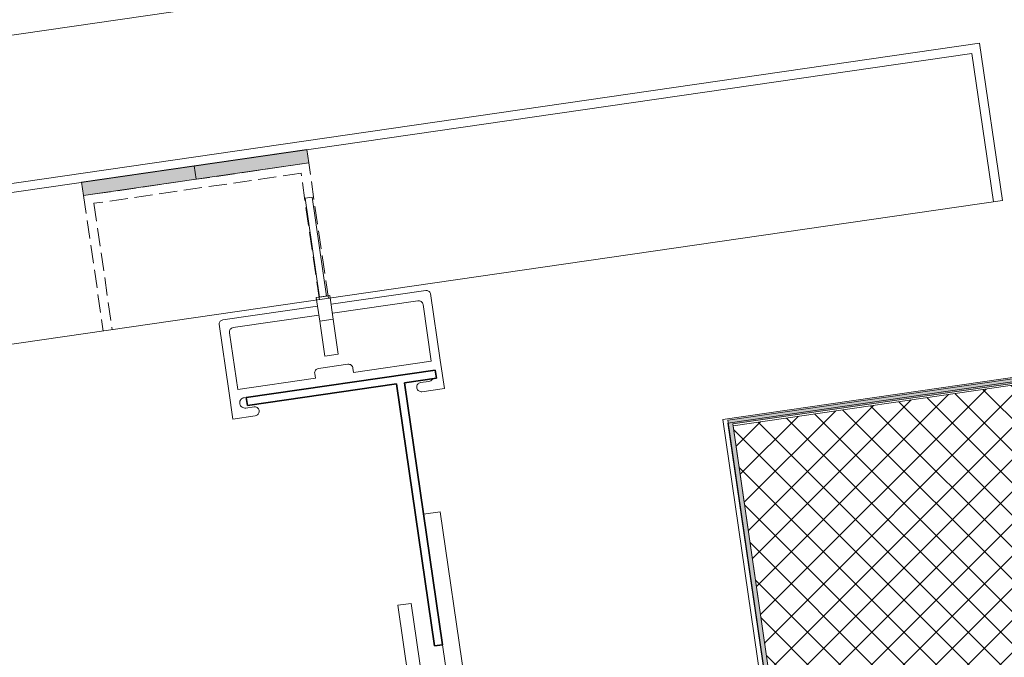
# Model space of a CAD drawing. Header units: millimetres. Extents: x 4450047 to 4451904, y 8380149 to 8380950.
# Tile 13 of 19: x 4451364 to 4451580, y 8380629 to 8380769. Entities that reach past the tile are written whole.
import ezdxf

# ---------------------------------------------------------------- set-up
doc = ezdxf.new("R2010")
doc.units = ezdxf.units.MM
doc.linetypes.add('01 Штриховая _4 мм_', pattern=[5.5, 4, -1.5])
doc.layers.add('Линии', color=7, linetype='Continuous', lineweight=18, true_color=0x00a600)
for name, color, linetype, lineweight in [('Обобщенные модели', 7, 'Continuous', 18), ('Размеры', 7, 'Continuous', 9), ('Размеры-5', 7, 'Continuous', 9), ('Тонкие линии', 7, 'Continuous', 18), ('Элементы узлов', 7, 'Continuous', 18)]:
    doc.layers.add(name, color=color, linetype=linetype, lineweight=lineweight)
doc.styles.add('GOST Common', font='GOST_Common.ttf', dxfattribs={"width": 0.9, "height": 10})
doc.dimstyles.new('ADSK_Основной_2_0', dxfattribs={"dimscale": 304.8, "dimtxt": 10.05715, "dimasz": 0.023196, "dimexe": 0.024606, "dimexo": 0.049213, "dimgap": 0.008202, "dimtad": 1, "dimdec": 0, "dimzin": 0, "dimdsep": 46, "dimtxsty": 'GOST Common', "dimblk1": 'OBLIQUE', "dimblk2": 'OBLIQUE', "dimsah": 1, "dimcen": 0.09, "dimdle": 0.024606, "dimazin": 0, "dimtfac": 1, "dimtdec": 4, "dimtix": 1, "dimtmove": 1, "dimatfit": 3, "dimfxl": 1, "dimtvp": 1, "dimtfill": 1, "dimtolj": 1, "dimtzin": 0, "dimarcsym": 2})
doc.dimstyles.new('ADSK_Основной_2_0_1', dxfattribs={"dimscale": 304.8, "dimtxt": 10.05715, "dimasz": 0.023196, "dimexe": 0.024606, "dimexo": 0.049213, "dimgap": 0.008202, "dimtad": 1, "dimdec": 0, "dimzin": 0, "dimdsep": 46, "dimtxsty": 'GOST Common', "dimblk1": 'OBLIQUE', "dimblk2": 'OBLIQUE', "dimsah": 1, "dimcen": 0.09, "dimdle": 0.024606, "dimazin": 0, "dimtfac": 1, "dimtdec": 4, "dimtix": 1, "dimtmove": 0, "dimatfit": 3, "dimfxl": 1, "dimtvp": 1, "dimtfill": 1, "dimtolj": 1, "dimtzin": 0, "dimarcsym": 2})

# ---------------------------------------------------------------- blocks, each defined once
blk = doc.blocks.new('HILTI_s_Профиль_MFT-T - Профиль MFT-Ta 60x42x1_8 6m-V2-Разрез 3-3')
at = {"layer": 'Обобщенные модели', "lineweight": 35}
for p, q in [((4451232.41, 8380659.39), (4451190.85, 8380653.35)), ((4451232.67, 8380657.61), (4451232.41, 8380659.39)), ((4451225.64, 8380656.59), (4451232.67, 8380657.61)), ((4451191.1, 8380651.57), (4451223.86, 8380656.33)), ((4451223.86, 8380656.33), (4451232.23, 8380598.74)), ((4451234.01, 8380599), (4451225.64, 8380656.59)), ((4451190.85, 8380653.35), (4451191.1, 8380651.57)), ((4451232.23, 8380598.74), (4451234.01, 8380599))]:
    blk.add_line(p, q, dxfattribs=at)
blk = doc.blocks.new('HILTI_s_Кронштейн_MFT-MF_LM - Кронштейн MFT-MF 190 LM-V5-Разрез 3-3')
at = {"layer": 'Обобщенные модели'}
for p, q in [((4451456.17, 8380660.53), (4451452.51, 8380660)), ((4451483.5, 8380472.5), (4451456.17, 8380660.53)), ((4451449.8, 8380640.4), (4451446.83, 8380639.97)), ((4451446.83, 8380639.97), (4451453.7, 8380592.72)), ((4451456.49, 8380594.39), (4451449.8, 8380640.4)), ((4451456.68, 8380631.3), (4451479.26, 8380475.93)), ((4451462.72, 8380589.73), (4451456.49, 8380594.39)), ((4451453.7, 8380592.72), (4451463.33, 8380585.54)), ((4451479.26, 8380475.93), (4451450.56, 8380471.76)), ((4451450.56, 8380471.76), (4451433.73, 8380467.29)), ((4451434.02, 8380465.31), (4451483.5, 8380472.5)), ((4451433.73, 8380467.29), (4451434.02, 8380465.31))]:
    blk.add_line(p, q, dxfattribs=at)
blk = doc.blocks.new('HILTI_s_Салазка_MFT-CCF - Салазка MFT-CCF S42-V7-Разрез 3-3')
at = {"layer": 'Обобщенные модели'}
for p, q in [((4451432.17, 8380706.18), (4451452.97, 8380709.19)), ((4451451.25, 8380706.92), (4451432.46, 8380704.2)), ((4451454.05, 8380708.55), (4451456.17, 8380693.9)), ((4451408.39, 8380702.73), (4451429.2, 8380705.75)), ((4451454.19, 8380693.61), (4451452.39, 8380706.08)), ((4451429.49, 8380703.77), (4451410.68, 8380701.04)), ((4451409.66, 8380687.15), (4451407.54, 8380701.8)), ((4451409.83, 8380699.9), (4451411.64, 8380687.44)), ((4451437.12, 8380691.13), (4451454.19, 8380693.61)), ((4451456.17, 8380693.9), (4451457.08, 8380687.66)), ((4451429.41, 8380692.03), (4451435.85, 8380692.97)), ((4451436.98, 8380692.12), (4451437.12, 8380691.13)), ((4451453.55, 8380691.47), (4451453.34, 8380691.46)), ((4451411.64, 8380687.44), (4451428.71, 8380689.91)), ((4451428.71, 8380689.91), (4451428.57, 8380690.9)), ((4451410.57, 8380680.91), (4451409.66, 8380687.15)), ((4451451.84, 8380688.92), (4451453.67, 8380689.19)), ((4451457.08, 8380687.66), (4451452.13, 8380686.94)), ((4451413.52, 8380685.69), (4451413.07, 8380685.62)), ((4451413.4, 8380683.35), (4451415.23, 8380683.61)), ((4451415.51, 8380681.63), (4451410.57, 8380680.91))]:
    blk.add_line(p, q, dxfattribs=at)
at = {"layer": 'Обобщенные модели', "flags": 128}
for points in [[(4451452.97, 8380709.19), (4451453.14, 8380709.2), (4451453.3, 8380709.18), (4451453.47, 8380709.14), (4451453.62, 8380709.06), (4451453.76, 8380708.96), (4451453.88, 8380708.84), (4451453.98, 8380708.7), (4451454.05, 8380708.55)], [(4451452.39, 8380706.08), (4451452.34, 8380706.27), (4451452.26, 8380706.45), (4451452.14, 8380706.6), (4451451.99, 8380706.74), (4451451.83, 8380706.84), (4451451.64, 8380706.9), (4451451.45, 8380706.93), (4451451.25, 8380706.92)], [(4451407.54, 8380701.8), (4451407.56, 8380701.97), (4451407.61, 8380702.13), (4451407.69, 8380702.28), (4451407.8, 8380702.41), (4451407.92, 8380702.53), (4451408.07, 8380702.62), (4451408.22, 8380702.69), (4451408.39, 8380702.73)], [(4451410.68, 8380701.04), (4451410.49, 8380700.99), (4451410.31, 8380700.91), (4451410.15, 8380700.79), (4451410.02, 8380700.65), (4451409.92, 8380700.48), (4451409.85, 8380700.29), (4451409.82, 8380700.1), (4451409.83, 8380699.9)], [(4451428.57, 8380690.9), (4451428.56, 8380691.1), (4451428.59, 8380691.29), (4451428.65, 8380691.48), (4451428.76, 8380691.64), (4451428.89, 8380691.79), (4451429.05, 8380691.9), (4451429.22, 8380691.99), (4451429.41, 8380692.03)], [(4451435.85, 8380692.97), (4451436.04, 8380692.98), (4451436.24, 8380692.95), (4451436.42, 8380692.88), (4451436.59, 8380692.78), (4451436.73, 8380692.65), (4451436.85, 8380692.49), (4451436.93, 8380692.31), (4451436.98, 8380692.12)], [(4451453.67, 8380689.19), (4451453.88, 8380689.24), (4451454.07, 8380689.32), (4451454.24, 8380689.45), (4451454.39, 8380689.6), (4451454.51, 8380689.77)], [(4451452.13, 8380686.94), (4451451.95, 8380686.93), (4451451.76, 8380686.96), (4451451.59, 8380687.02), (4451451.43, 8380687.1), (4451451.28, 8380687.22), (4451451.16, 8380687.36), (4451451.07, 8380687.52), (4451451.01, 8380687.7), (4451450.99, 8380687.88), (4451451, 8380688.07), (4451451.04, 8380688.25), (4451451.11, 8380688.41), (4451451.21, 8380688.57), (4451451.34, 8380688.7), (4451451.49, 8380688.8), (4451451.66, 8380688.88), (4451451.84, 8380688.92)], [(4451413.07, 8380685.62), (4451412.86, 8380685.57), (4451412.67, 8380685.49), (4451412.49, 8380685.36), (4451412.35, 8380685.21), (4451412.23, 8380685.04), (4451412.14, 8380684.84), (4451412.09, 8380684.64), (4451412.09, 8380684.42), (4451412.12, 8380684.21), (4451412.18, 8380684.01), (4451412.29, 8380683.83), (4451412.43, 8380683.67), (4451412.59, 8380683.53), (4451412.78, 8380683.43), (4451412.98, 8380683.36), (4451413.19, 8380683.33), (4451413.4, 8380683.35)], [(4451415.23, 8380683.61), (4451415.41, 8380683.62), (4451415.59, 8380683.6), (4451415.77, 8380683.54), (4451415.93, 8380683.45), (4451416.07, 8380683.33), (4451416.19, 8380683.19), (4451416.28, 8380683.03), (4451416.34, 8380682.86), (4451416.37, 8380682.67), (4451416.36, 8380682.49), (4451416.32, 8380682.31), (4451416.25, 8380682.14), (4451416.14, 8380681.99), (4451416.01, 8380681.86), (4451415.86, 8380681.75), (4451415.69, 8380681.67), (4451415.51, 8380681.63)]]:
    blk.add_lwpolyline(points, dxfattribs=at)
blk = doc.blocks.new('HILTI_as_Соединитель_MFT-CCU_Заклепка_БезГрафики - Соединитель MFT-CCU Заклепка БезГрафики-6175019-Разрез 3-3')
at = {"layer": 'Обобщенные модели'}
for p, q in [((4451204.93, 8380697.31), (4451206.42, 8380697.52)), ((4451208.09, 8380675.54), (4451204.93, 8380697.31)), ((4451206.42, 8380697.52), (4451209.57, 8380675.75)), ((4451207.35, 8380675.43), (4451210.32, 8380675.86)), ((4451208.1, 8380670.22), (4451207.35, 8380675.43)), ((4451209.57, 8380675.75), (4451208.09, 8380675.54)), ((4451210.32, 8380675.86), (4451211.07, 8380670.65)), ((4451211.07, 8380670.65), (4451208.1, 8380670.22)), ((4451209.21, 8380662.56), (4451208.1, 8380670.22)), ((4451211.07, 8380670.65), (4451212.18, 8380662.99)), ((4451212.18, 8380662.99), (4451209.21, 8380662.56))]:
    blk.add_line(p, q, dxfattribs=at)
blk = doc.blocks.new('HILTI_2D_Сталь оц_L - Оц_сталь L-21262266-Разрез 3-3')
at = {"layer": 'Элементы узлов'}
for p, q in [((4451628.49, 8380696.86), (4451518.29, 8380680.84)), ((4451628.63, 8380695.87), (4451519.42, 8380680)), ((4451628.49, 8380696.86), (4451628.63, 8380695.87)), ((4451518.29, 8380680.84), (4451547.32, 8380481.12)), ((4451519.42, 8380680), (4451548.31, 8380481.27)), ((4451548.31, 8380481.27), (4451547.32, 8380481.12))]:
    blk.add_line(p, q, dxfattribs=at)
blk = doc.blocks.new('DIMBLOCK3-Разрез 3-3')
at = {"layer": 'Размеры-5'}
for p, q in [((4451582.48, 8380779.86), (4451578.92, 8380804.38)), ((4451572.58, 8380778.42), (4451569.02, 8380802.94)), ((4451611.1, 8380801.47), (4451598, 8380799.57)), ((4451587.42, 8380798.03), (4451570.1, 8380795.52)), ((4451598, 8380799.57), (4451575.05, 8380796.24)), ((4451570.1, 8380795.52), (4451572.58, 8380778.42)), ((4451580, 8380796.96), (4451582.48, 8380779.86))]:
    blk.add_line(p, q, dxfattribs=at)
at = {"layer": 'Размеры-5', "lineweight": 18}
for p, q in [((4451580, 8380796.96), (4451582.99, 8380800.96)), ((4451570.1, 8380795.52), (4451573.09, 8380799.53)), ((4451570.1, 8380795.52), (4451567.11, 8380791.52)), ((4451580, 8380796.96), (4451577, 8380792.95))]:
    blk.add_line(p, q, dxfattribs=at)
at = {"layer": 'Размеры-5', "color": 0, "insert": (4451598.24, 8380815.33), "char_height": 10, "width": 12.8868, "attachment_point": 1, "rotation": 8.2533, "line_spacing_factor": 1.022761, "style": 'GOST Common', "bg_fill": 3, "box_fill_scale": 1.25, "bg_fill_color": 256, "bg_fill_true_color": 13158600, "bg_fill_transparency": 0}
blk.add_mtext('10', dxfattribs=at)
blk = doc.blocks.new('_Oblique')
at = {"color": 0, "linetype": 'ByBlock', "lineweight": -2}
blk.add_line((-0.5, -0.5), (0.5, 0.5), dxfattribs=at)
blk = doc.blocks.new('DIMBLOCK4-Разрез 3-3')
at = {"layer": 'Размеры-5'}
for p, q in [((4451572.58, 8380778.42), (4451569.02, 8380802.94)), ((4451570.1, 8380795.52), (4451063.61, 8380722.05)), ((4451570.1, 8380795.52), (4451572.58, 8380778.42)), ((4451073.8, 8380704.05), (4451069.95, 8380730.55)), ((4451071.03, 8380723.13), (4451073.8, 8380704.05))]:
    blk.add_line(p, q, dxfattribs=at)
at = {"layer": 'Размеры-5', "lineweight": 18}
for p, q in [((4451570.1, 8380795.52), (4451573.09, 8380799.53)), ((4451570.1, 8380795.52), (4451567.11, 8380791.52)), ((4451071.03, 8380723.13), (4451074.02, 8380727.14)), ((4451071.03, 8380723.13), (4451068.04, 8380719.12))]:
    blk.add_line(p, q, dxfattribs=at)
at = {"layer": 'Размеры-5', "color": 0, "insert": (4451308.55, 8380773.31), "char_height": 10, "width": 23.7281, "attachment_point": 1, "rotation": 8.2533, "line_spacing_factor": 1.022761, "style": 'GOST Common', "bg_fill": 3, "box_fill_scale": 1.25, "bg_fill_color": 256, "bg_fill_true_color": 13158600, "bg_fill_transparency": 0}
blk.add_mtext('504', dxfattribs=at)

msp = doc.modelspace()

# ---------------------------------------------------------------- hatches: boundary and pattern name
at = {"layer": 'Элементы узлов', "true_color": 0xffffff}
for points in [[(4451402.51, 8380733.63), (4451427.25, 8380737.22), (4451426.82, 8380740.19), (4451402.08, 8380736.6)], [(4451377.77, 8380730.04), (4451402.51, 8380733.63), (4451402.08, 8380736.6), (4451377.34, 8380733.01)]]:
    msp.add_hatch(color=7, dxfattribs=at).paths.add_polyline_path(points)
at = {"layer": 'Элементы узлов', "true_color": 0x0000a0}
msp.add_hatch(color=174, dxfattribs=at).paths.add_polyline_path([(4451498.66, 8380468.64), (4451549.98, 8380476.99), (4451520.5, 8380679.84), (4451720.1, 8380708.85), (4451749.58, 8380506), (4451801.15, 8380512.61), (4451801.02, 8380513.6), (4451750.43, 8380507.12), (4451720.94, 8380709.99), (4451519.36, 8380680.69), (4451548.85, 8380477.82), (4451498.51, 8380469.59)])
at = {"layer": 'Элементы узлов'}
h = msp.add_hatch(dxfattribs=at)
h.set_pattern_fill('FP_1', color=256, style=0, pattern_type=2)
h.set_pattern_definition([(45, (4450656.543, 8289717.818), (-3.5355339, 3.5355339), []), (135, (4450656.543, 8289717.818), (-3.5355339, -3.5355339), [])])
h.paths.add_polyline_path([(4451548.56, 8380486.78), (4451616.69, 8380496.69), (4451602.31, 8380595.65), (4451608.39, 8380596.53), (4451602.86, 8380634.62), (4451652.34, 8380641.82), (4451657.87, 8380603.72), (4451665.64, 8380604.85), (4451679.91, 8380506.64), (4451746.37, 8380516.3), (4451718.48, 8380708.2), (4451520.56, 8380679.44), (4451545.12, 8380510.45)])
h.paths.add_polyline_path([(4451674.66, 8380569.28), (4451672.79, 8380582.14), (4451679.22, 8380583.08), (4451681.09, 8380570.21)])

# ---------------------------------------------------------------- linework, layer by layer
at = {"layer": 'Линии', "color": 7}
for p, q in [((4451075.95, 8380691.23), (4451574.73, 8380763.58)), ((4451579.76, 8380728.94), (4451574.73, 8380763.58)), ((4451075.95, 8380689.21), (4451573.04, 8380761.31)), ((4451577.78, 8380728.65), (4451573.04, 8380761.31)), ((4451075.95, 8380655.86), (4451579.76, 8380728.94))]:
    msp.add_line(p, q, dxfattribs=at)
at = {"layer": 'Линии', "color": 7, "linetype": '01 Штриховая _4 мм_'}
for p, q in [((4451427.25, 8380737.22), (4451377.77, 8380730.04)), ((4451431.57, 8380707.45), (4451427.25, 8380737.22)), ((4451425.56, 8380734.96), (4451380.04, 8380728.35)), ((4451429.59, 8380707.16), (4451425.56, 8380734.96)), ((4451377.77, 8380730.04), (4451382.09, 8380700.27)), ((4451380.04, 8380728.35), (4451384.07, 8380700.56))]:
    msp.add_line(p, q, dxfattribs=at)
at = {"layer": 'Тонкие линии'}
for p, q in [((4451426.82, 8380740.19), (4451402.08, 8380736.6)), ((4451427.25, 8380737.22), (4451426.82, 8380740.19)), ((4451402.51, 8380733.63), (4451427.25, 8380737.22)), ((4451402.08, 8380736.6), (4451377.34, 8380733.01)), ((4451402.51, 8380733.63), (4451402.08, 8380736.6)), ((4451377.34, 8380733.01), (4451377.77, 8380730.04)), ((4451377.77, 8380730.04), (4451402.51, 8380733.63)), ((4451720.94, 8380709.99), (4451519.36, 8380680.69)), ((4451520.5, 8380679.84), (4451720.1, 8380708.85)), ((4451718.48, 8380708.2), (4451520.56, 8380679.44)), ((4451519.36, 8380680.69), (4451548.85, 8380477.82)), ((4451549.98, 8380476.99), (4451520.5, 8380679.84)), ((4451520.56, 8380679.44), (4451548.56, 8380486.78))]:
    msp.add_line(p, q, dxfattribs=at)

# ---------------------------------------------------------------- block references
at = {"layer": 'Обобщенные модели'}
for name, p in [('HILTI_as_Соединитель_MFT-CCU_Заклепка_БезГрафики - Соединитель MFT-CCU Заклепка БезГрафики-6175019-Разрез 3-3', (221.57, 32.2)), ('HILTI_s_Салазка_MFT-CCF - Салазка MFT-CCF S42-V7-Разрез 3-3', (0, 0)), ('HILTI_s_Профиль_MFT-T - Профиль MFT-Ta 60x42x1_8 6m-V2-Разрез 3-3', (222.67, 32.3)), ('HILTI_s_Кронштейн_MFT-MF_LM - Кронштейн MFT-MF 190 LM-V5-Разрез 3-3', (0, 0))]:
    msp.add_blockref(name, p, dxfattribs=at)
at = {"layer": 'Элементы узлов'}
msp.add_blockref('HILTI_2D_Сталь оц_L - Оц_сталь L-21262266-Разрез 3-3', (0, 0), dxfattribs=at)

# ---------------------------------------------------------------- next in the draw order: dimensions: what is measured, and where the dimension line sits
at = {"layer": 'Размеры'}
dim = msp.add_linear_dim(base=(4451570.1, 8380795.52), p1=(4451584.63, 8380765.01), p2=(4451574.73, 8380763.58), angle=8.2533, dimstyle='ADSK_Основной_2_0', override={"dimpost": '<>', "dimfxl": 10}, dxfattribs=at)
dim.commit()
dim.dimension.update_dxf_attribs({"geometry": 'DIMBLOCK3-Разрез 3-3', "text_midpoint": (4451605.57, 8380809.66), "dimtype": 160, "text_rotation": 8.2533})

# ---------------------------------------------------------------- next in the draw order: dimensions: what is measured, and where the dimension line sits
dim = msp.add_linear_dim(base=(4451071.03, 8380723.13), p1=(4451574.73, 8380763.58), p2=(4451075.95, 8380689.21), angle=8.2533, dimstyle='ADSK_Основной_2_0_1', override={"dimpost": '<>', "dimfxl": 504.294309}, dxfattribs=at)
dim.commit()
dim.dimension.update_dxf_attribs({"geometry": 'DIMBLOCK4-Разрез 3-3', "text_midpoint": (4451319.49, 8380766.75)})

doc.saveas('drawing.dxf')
□ □ □ □ □ □ □
* Work request
Each line of the data that holds "units" should be reported.

* Exercise solution
# Model space of a CAD drawing. Header units: millimetres. Extents: x 4450047 to 4451904, y 8380149 to 8380950.
doc.units = ezdxf.units.MM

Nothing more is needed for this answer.